われと和解せよ

文字数 904文字

 「ネコと和解せよ」というポスターだか看板だかが、ネット上で紹介されていた。かなり以前のことだが、あの発想に笑いが止まらなくなると同時に羨ましくなったものだ。該当の文言は最初からそんな内容だったわけではなく、風雨に曝されたがための自然脱落だったか誰かのイタズラだったか、撮影者の画像処理だったかによって後から作られたものである。「ネコ」というのは本来「神」の字だったのである。
 ネコは一回に数分間しっかり構ってやれば満足するのだから、できれば相手をしてやれ、という飼育指南書を読んだのだが、本日のファーストコンタクトから約一時間、我が家のネコ様はいっこうに飽きる気配がない。性格にしても、気まぐれでもツンデレでもない、どこまでもベタベタでなおかつ聞き分けも基本的にはよいし、どうやら見た目はネコ、中身はイヌな不思議クリチャーを飼ってしまったようだ。
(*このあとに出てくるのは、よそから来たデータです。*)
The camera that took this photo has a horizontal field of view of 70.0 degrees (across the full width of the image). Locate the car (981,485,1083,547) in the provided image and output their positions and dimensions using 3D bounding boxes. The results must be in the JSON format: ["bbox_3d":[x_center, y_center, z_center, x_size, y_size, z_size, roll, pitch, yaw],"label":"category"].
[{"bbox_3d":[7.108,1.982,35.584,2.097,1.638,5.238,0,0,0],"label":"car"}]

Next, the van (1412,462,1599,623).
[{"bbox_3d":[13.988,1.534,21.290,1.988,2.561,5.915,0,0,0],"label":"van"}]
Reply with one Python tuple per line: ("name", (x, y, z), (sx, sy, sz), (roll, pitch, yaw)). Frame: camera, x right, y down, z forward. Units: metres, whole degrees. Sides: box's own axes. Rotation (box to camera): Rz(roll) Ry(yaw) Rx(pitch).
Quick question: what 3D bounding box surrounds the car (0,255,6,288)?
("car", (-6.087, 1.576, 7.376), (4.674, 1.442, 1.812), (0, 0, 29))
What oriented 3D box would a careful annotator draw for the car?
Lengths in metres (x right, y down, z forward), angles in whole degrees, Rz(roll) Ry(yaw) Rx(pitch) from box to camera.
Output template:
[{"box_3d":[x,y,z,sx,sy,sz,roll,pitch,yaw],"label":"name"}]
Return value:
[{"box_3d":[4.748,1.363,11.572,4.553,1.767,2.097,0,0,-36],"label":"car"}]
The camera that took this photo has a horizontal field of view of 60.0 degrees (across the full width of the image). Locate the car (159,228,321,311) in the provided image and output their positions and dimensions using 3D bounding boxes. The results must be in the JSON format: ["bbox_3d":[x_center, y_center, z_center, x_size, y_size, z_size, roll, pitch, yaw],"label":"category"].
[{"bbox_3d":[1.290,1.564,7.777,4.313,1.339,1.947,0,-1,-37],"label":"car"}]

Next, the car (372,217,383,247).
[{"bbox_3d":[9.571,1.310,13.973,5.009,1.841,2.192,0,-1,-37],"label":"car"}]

 と、そんなノロケは今はどうでもいい。んー、かわいいかわいい。よーしゃよしゃよしゃ。
 ──気を取り直して。自分の弱点の一つは、枠からはみ出しきれず、発想が小さくまとまりがちなことだと思っている。だから、漢字の一部を消して意味を変えてしまおう、なんて、クイズの設問でもない限りまず思いつけないのだ。クリエイター要素も求められる案件において、これは少なからず不利になる。何とかしたいのだが、何とかする方法が思いつけぬ。
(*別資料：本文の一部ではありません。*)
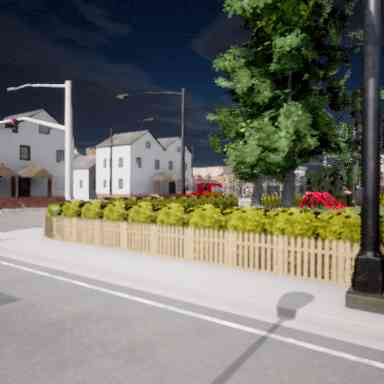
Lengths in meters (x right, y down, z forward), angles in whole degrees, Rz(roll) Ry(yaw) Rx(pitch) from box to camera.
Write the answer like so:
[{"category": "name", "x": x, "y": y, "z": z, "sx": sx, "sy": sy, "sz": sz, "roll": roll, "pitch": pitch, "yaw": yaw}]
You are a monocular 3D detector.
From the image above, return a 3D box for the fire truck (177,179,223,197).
[{"category": "fire truck", "x": 1.299, "y": 0.098, "z": 49.447, "sx": 2.891, "sy": 3.827, "sz": 8.468, "roll": 1, "pitch": 0, "yaw": 35}]

 そんな話を職場の仲間にしたところ、彼は通話画面の向こうでしばらく言いにくそうにした後、のたもうた。「あの……たぬ丸さんって、そもそもの枠がずれて歪んでるんで。安心していいと思いますよ?」。そーかそーか、何を安心しろっつーんだ。別の心配が増えたじゃないかい。
 結局、様々な悩みにおいて和解すべきは他ならぬ自分自身なのだろうし、冷静に物事を捉えるためには自らの心と体をメンテナンスせねばならぬ。だから何はともあれ、飯を食って、ちゃんと寝て、炎天下には出ず、疲れたり体調が悪かったりしたら早めに休み、好きなものを愛で、昼寝をし、夜は墓場で運動会をし、風が吹いたら遅刻して、雨が降ったらお休みで……あれ? ええと、どっから間違っちゃったんだろうか……。